While the details of this story will change, we did not witness the large-scale demise of the bloom and sinking out of carbon taken up by the plankton in response to iron. Why? Exactly how little was lost? And what will be the ultimate fate of this bloom, are questions we will try to assess with the larger data sets.

One clue to the answer to this export story is related to the types of phytoplankton species that grew up in the fertilized vs. non-iron fertilized areas. Shown below is a microscopic image (400x magnification) of plankton from the South patch caught on a filter (the round small holes are pores in the filter). In this image you can see long chains of diatoms and their spines as well as individual centric and pennate shaped species. Diatoms are a class of plankton with high iron requirements as well as high silica demands, since they have siliceous tests or shells. Southern Ocean waters are high in silicate and low in iron, so here the iron stimulated the growth of some of these diatom species over other plankton types. In patch vs. out patch and time-series comparisons of species composition will be important to the interpretation of the geochemical changes we see.
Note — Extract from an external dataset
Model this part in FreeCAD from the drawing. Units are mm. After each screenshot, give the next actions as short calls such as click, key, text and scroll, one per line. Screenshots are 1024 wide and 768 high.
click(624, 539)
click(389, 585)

One of the quickest ways to assess community structure for a given parcel of water is to look at the relative size distribution of the chlorophyll bearing plankton. Shown below is a graph of the Chlorophyll content caught when water is passed sequentially through a 20 micron (= um = 10^-6 m), 5 um and 2 um filter. These data are from just one of our large scale transects, in this case running some 130 kilometers from South to North. The peak in the 5 um curve is at "patch central", where Fv/Fm and our patch tracer SF6 were highest (data not shown). The blue line represents the larger, >20um plankton, and these are found at higher abundances at the ends of this sampling line, both N and S outside the patch.
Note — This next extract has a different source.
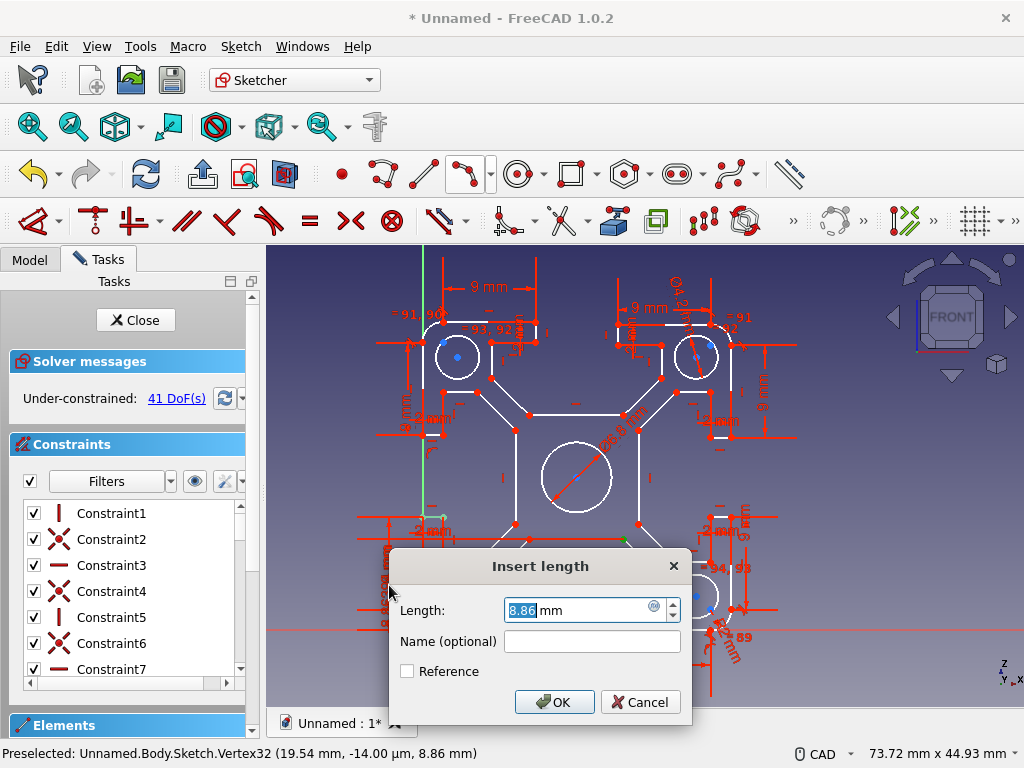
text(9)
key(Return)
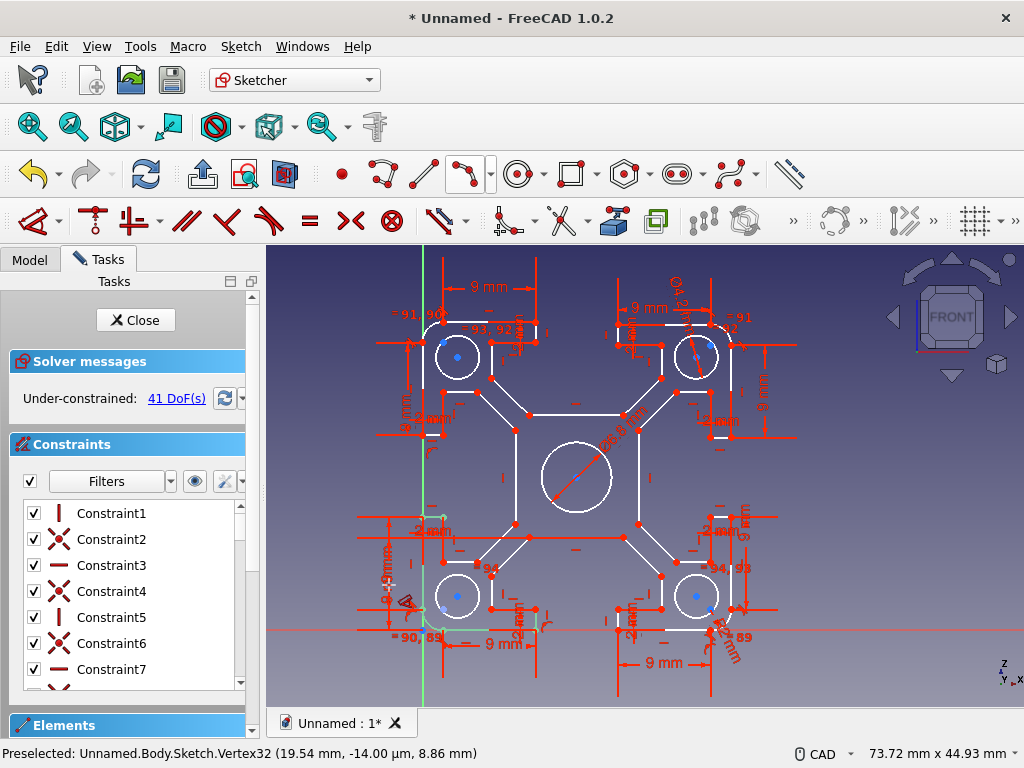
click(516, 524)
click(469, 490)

This is just one example of variability we are seeing in the region that will need to be explored in more detail. Im throwing it out here as a possible reason why my particle export values were not especially high in the patch relative to outside. It is thought that large cells are more efficient at sinking, thus even fewer large cells outside the patch might export as much carbon, as more abundant but smaller cells in the patch. Again, we need to compare this with the Revelle and Melville to see if they saw similar or different distributions.

None of the above science teasers are intended to be the final word or meant to suggest that iron had little effect. In fact the addition of iron induced the production of many tons of phytoplankton growth in our study patch, and these effects were obvious just looking at the color of this "green" water in our study site. What it does point to are some of the complications of making simple or quick extrapolations from this study to large issues of C uptake and climate change. Does iron induce phytoplankton communities that are more or less efficient at removing CO2 from the atmosphere? What are the secondary effects of Fe on community structure and surface ocean chemistry? How long would these effects be felt in terms of local biological or chemical change? What other secondary controls are there on C uptake, export and sequestration to the deep ocean?
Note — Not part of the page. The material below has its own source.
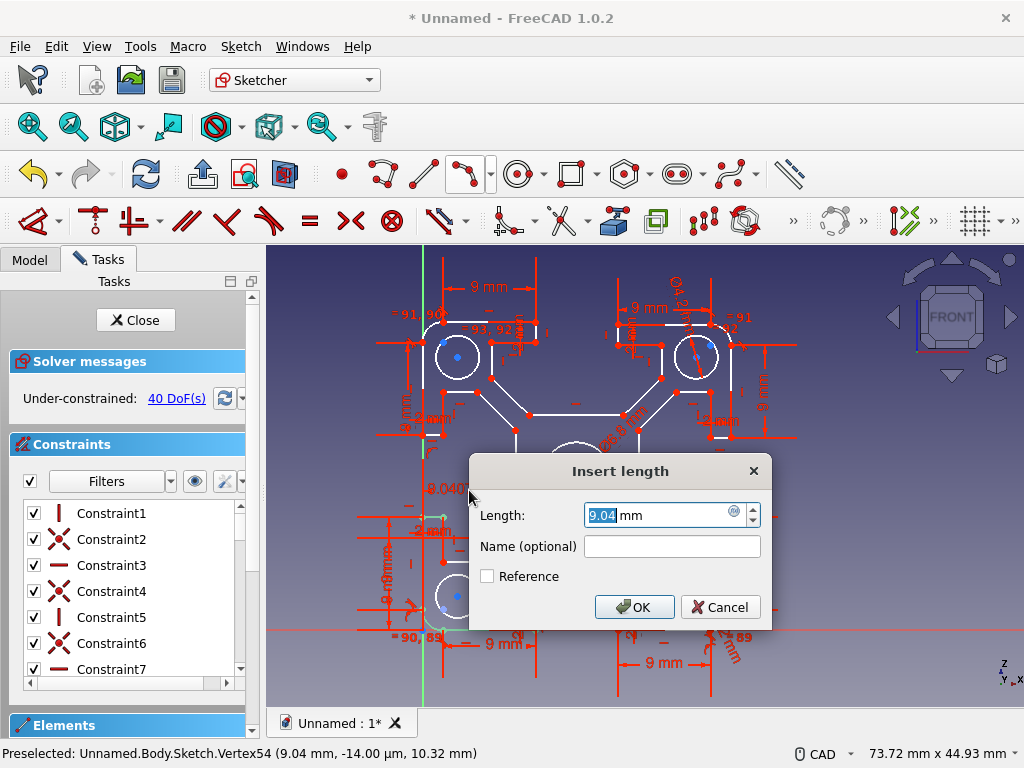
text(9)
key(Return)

Im just skimming the surface of this interesting story for our web site. Keep in mind that the interpretation and even the data themselves are subject to change as we recalibrate our instruments, check data and make final measurements. For now, we are pleased to have contributed to this experiment and hope you will keep an eye out for the real science stories that emerge.

At this moment, it is as if each of the 3 ships left with small pile of pieces to a complicated jigsaw puzzle. Now it's time to put our pieces on the table (hopefully we none have fallen off the table!) and see what image emerges from this amazing experiment.